January 26, 2026
Benchmarks vs Bus: comment brawl
Emissary, a fast open-source Java messaging library
Speed hype vs simple vibes: Emissary’s name drama explodes
TLDR: Emissary, renamed from Deezpatch, promises super‑fast in‑app messaging with simple labels and no heavy extras. Comments clash over bold speed claims, a name conflict with an ActivityPub server, and the need for an “instance provider,” pitting performance hype against fans of simpler tools like Guava’s EventBus.
Emissary is the new kid on the block promising a “no extras, blazing fast” way for apps to pass messages between parts. It uses simple labels (think sticky notes like @RequestHandler) to route messages without the usual slow mirror‑checking, and boasts eye‑popping benchmarks—“up to 10x more messages,” the team flexes. Supporters cheered the speed hype, with the creator repeating the pitch and inviting stars. Claim‑to‑fame: it aims to make CQRS—splitting “do stuff” and “get info”—dead simple.
But the comments turned spicy fast.
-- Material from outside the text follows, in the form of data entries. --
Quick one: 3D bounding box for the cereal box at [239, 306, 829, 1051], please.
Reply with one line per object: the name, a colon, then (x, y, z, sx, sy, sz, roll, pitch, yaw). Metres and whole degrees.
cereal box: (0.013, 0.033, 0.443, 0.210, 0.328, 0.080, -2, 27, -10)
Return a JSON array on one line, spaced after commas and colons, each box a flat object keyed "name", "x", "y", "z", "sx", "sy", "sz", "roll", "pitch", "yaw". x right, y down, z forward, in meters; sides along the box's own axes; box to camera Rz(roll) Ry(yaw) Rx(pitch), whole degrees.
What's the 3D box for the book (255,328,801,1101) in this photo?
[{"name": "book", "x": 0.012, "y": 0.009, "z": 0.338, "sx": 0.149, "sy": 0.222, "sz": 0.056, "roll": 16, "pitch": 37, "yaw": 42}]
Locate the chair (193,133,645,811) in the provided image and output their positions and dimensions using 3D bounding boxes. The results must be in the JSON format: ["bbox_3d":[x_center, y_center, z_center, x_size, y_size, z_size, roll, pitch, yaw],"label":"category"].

One reader flagged a name collision with an ActivityPub server called emissary.dev, cue confusion and memes about the project’s previous name, “Deezpatch,” getting a witness‑protection glow‑up. The biggest pushback? Guava EventBus loyalists argue this adds setup without payoff, asking, “Why do we need an instanceProvider?” Translation: it needs a way to find your app’s components (often through frameworks like Spring), which some see as extra baggage versus plug‑and‑play tools. Now it’s speed bragging vs simplicity purists: are LambdaMetafactory tricks worth the fuss, or is plain old EventBus good enough? The thread turned into a friendly‑but‑feisty showdown—name mix‑up, benchmark flexes, and the eternal dev debate: fast vs familiar.
Key Points
- •Emissary is an open-source, no-dependency Java messaging library that decouples messages (requests/events) from handlers using annotations.
- •It uses LambdaMetafactory to avoid reflection, with claimed benchmarks showing ~1000% higher throughput and ~90% faster performance than Spring’s ApplicationEventPublisher, Pipelinr, and EventBus.
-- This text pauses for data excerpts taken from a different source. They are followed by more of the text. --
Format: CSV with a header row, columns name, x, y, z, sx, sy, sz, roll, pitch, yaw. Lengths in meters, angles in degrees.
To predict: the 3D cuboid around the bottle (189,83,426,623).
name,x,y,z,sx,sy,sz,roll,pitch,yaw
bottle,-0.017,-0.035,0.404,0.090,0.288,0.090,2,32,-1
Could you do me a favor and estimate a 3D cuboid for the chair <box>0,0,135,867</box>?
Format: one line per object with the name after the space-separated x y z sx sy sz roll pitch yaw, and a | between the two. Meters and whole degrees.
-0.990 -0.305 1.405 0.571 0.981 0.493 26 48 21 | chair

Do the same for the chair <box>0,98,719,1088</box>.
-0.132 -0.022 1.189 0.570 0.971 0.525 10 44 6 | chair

- •The project was formerly named Deezpatch; the core artifact was renamed to emissary-core starting in v2.0.0, with corresponding Java 9 module name changes.
- •Artifacts are available via Gradle and Maven; JARs include Automatic-Module-Name, and module authors can require io.github.joeljeremy.emissary.core in module-info.java.
- •Usage examples show defining Request types and @RequestHandler methods, dispatching via Emissary (Dispatcher), and integrating with DI frameworks like Spring, Guice, and Dagger via an InstanceProvider.